BEST POSSIBLE OUTCOME – MOVE HOUSE AND NOT LOOSE TRACKER. WE PROVISIONALLY ASKED FOR 20,000 IN SUMMER 2013 AND CHANGING FROM TRACKER AT 1.6 TO 4.8% MEANT APPROX 400 € MORE PER MONTH (AT TIME OF ENQUIRIES WIFE SALARY WAS 3,400, SINCE THEN HAS REDUCED). THIS DOESN’T SEEM FEASIBLE.


----------



## Brendan Burgess (17 Dec 2013)

OK, you have €95k of negative equity and €30k of savings, so you have net negative equity of €65k.

The cheap mortgages makes the effective negative equity much lower. In other words, your ptsb mortgage is actually profitable. You are probably paying around €2,500 a year in interest compared to around €4,500 a year in rent received. The additional payments are clearing the negative equity. 

*You cannot afford to move house and lose your tracker. 
*The additional interest would be around €6k a year.  (220k @3%). You are reducing your mortage by around €6k a year in capital payments. After a few years you will have paid off the negative equity.

AIB may introduce a product in the near future which would allow you to keep your tracker.  It will probably be similar to Bank of Ireland's.  You pay a slightly higher margin and keep it for 5 years. That would be enough to justify trading up. 
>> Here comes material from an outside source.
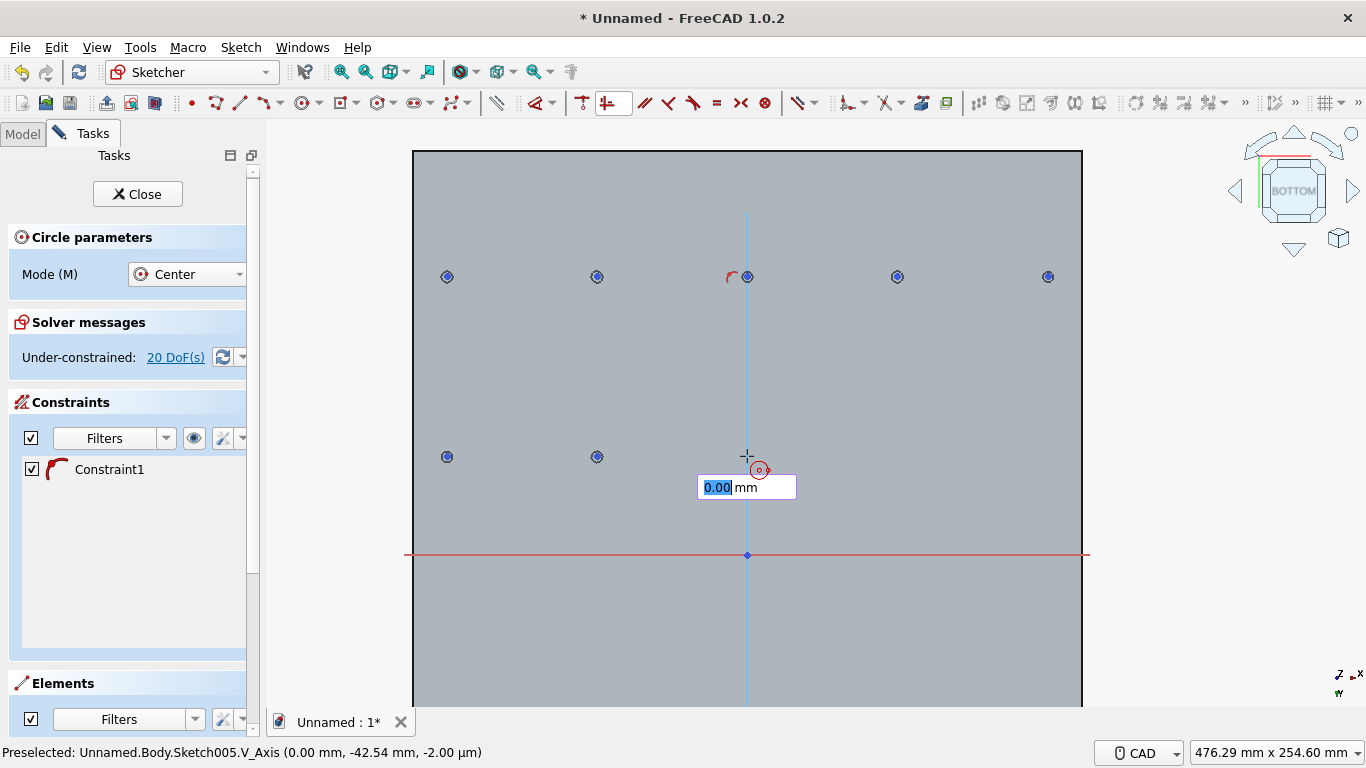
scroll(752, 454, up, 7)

I think you should stay where you are until you see if AIB introduces this product. If it's not introduced within 6 months and you have to move, then let the house and rent a more suitable house elsewhere.  
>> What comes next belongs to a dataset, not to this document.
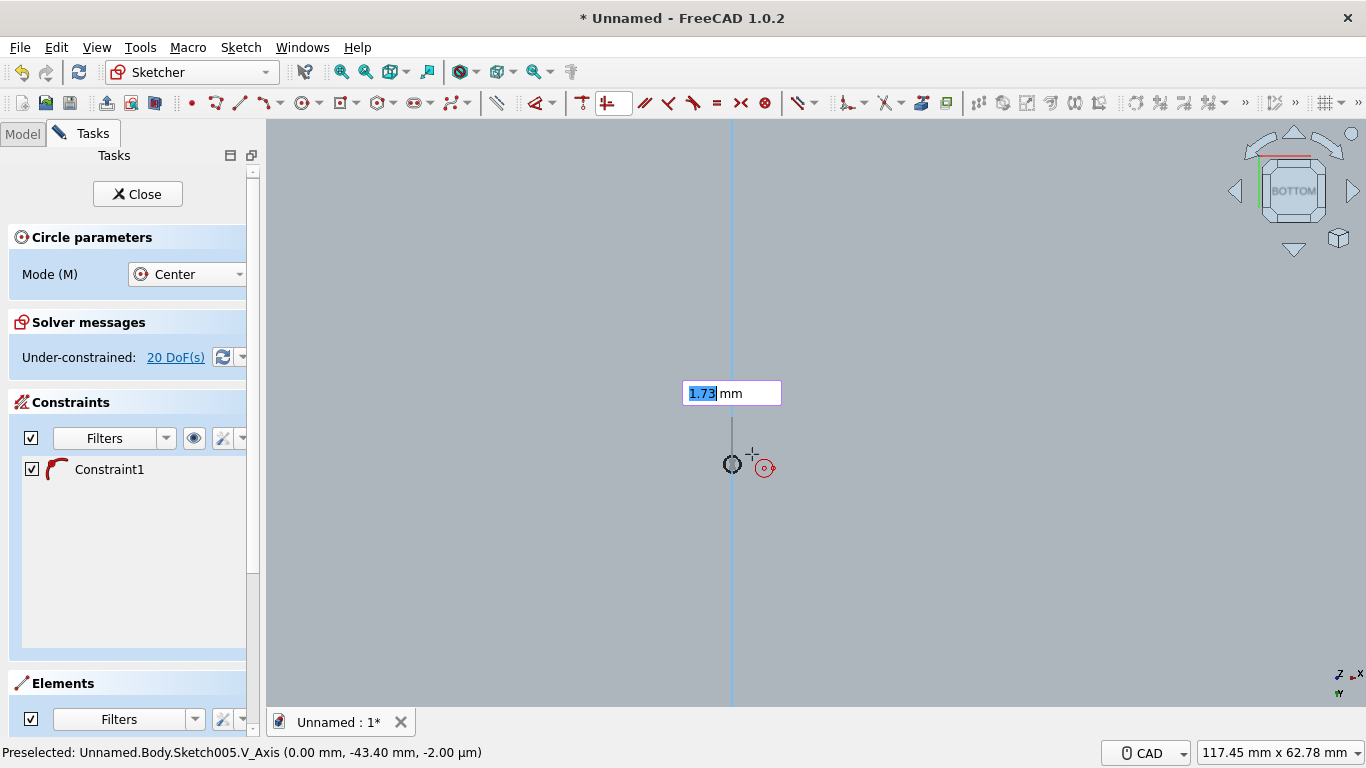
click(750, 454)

You should also try to keep your cash pile as long as possible. It may be useful if AIB introduce a tracker move product.  They may want some of the tracker paid down. If you need a car you can borrow again for the car.


----------



## kkelliher (17 Dec 2013)

I contacted AIB about trading up previously and despite the fact that they are loosing massivly on my mortgage (tracker at +0.6) and the fact that I offered to increase the margin in order to port the tracker to a new home, they simply said No we are not allowed discuss moving tracker mortgages. And why should they when they are under no pressure as they are all but completly state owned.


----------



## cb330 (17 Dec 2013)

*Brendan, KKelliher*

Thanks very much to you both for very helpful responses. Great advice. Only query is that we don't think we can rent our primary home based on the fact that it has to be our place of residence - is it not the case that the bank would take the tracker from us if they found out? Don't think I could live with the stress of this. KKelliher, wondering what did you do in the end? Stay put because AIB refused tracker porting? Great website btw.


----------



## Brendan Burgess (18 Dec 2013)

HI CB

The issue of losing your tracker is discussed here 

Has anyone lost their tracker through renting out their home?

It's unlikely you would lose it. 

Brendan


----------



## kkelliher (18 Dec 2013)

cb330 said:


> KKelliher, wondering what did you do in the end? Stay put because AIB refused tracker porting? Great website btw.



exactly, no option but to stay put. To be fair I have a nice home that I am happy to live in but given the way the market was I looked at the option of moving to a larger home closer to a village but in the end it was never an option due to the tracker


----------



## cb330 (20 Dec 2013)

Thanks KK and Brendan. I do have a clause in my contract about not renting this house, and I don't see any experiences in the thread you mention about having this clause and seeing what the outcome is, but we'll live in hope. Saw a reference to the article in the Indo about David Duffy being interviewed - he did say they were looking into tracker lenders moving and keeping their rate, so we'll hold off for a few months. Thanks again.


----------



## dec1892 (2 Jan 2014)

cb330 said:


> Thanks KK and Brendan. I do have a clause in my contract about not renting this house, and I don't see any experiences in the thread you mention about having this clause and seeing what the outcome is, but we'll live in hope. Saw a reference to the article in the Indo about David Duffy being interviewed - he did say they were looking into tracker lenders moving and keeping their rate, so we'll hold off for a few months. Thanks again.



That was back in May 2013 that David Duffy made the statement about AIB looking to put in place an arrangement for allowing people to move with their trackers.....would have thought they might have made this bank policy by this stage?


----------